Mitochondria have had a deep history through the evolution of eukaryotic cells. A primitive bacterium was engulfed by another free floating prokaryotic cell. Many think that this was originally how eukaryotic cells were formed and why mitochondria have their own DNA different from a their cells nucleus. Endosymbiotic theory has been used to understand the intricacies of Mitochondria and leaves many clues as to how their relationship with their cell affects its overall performance The mutually beneficial relationship between both has lasted for over two billion years by fueling the processes for everyday life.
Mitochondria are membrane-bound cell organelles which generate majority of the chemical energy needed to power a cell’s biochemical reactions. Chemical energy produced by the mitochondria is stored in a small molecule called adenosine triphosphate or ATP. This is only one of the many essential jobs mitochondrion hold as an organelles in our cells.
Since mitochondria have their own set of DNA different from their cells, it makes it both a critical element of our cells and a potential source of problems.

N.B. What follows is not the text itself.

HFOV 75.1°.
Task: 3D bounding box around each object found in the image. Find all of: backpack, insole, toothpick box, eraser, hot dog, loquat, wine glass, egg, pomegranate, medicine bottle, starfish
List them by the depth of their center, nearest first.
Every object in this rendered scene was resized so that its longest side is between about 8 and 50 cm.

Mitochondrial DNA can harbor mutations similarly to ones in our nuclei. These can either be detrimental to their function powering our bodies or have little to no effect whatsoever. Age, stress and other factors may disrupt mitochondria’s many functions. On top of that, mitochondrial injury can release molecules that, due to their similarities to those made by bacteria, can be mistaken by our immune system as foreign invaders, triggering a harmful inflammatory response against our own cells.
One of our most important organs, the brain, needs mitochondria the most for its power driven functions. “The more energetically demanding a cell is, the more mitochondria they have, and the more critical that mitochondria health is — so there’s more potential for things to go wrong,” says Andrew Moehlman, postdoctoral researcher who studies neurodegeneration at the US National Institute of Neurological Disorders and Stroke (NINDS). Some estimates assume that each neuron can have up to two million mitochondria meanwhile there are eighty-six billion neurons in our brain.

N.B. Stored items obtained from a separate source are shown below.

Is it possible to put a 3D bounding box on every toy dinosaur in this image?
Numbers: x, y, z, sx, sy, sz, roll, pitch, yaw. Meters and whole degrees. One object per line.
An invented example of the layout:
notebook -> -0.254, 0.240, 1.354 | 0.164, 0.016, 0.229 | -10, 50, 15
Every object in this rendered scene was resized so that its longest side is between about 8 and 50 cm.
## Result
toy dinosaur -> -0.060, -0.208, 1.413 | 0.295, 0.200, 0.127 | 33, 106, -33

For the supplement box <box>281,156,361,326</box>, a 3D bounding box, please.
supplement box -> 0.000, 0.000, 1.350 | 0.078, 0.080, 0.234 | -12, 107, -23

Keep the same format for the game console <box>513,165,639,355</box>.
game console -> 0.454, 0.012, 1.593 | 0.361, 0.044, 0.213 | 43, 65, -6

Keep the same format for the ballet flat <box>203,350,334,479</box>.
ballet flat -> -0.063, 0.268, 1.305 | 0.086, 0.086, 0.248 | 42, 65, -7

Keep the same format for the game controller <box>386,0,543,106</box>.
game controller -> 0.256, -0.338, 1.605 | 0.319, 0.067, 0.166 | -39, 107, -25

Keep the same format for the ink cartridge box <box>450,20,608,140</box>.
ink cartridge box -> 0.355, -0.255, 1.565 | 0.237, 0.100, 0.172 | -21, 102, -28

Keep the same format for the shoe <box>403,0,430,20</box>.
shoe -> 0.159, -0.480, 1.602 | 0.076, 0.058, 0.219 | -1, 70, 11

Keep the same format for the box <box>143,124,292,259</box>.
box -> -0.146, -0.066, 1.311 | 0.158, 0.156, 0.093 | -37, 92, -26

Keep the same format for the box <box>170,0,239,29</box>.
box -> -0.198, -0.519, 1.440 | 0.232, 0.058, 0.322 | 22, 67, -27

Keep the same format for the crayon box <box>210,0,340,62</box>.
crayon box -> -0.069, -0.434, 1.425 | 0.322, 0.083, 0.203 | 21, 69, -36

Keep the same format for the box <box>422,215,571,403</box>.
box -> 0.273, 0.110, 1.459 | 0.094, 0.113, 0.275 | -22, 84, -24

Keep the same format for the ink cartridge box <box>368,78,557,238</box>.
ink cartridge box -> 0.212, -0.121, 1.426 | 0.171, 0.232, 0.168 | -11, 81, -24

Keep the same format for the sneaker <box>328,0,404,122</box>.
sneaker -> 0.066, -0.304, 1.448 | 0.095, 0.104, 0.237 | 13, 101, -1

Researchers have then linked dozens of disorders to alterations in mitochondrial DNA and nuclear DNA related to mitochondrial function. The majority of these are either neurological in nature or have some effect on the brain because of how dominant mitochondria is in the brain. According to Douglas Wallace, a doctoral student at Yale University, despite making up only 2 percent of a human’s body weight, the brain uses roughly a fifth of the body’s energy. These small reductions in mitochondrial function can have large effects on the brain, Wallace explains.
ATP gives us the energy we need for our body to function as we learned through our cellular respiration unit. Without this form of energy, our body simply cannot function which is why mitochondria play a key role in brain function. Mutations which affect the flow of ATP synthase seem most detrimental to cell function and as we know is where ADP and a Phosphorus join together to create ATP. Mitochondria’s own set of DNA makes it difficult to pinpoint a mutation and leaves animals vulnerable to neurological disorders.